The guest-curator position at VWF is now in its third year; Cherie Dimaline did it in 2018, Tanya Talaga in 2019. When I asked artistic director Leslie Hurtig why she chose Coyote, she recounted a similar experience to mine – seeing them for the first time and being blown away.

“Ivan has always struck me as a storyteller who reaches far beyond an audience; the stories that they tell stay with an individual possibly forever,” Hurtig said.

“They approach their storytelling with a humanistic nature that makes one reconsider everything they’ve known previously about human relationships and the world around us.”

How do you do it, I asked Coyote, who divides their time between Whitehorse, Vancouver and London, Ont., where they have been spending the pandemic with their partner, the musician Sarah MacDougall.

“I really just learned on the stage. I think one thing that taught me a lot is doing school shows, as arduous as they are. If you can step in front of 1,100 kids who are forced into a gymnasium at 2 o’clock on the Thursday afternoon of the Easter long weekend in Fort St. John and you can manage to even vaguely hold 95 per cent of their attention for an hour with just your voice, stepping onstage in front of a bunch of consenting adults who are interested in literature at a writers' festival, that’s a cake walk.”

In addition to the keynote, Coyote has programmed three other VWF events, including an evening with Tegan and Sara Quin, where the musical duo/twins will discuss their memoir, High School.

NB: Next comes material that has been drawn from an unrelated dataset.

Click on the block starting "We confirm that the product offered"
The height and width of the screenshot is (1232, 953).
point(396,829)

Coyote recently signed a two-book deal with McClelland & Stewart and holds the Alice Munro Chair in Creativity in the Faculty of Arts and Humanities at the University of Western Ontario.

Coyote’s VWF duties have been altered because the pandemic; there are fewer events at the festival this year – about 40 compared with the usual 85 – and they are all online. They will also perform with MacDougall for the Toronto International Festival of Authors in a prerecorded event. For someone who connects so deeply with their audiences, it has been an interesting pivot.

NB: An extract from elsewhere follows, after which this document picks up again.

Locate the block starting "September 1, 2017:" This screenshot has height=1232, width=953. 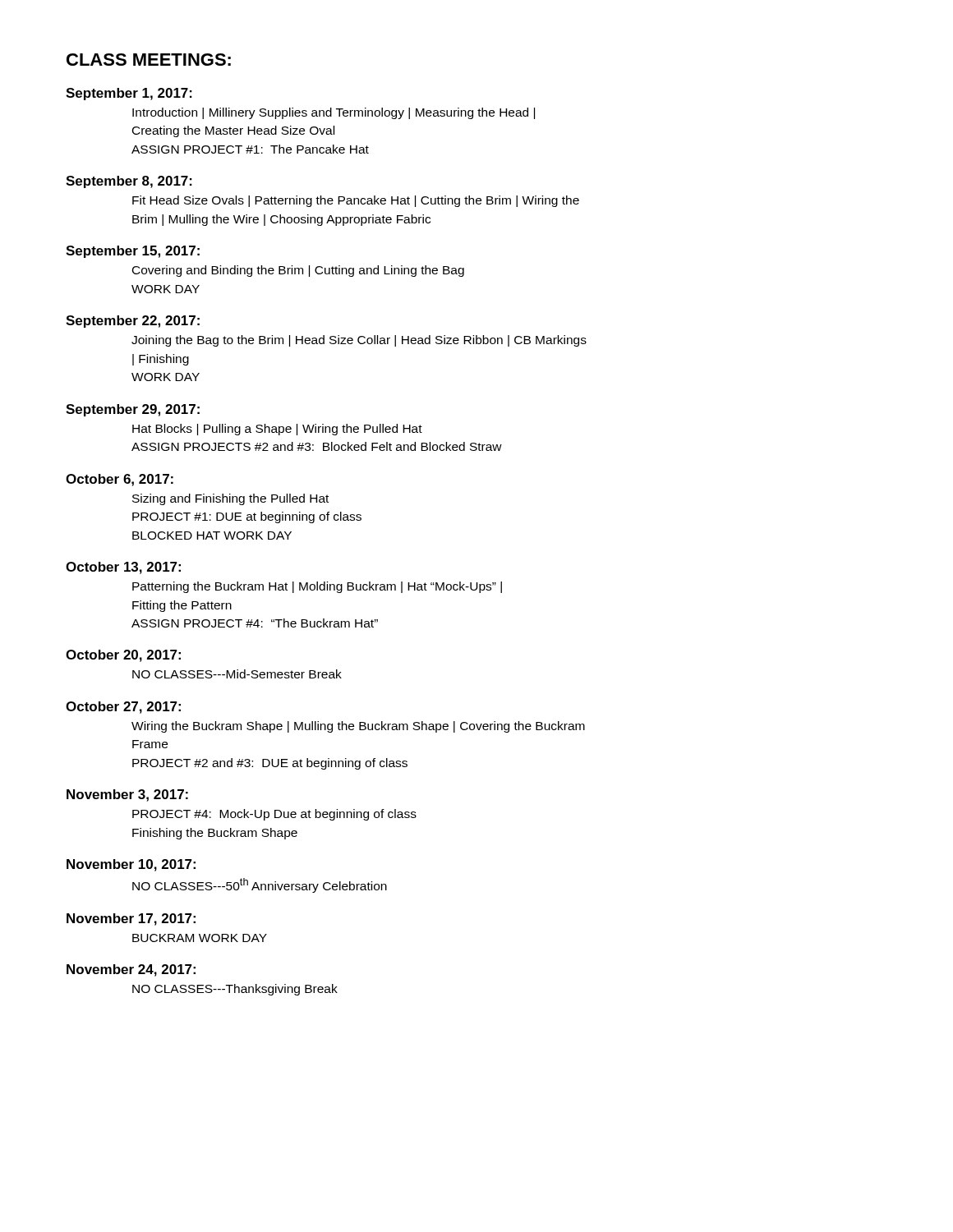(129, 93)

“You’ll never convince me that the magic of live performance can be replicated,” Coyote told me – although if anyone can rock this, surely it is them.

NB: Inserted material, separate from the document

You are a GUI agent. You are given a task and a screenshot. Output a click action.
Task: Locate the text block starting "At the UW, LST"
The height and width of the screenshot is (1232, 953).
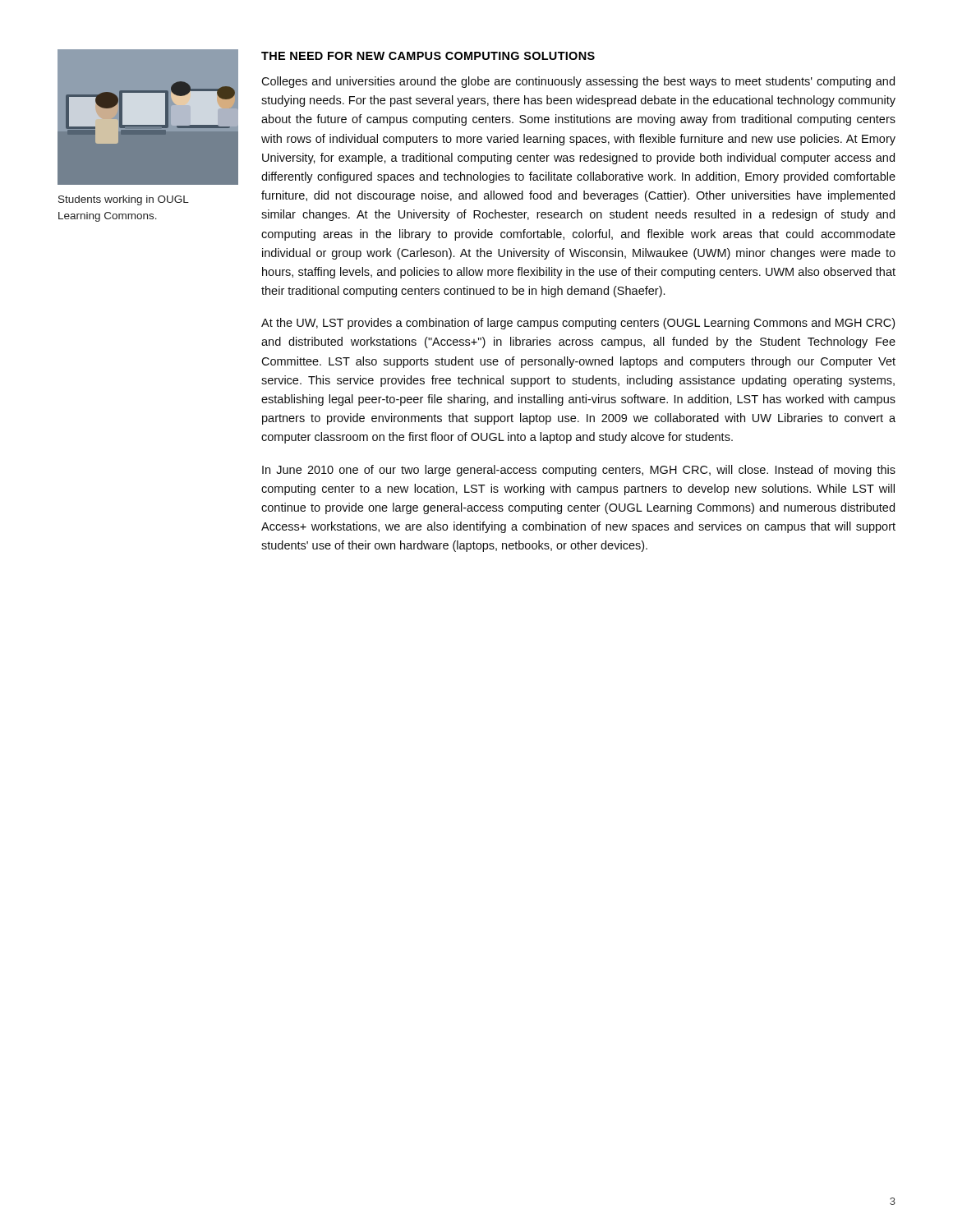(578, 380)

In any case, Hurtig says VWF audiences have been very understanding with the move to online.

“We’re all in the same boat here. And I think we’re all looking for human connection right now,” says Hurtig.

“We’re trying to do the best that we can do with the scenario we have. And I think we’ve succeeded.”

The Vancouver Writers Fest runs Oct 19-25. Ivan Coyote & Sarah MacDougall in Concert is at TIFA on Oct. 31.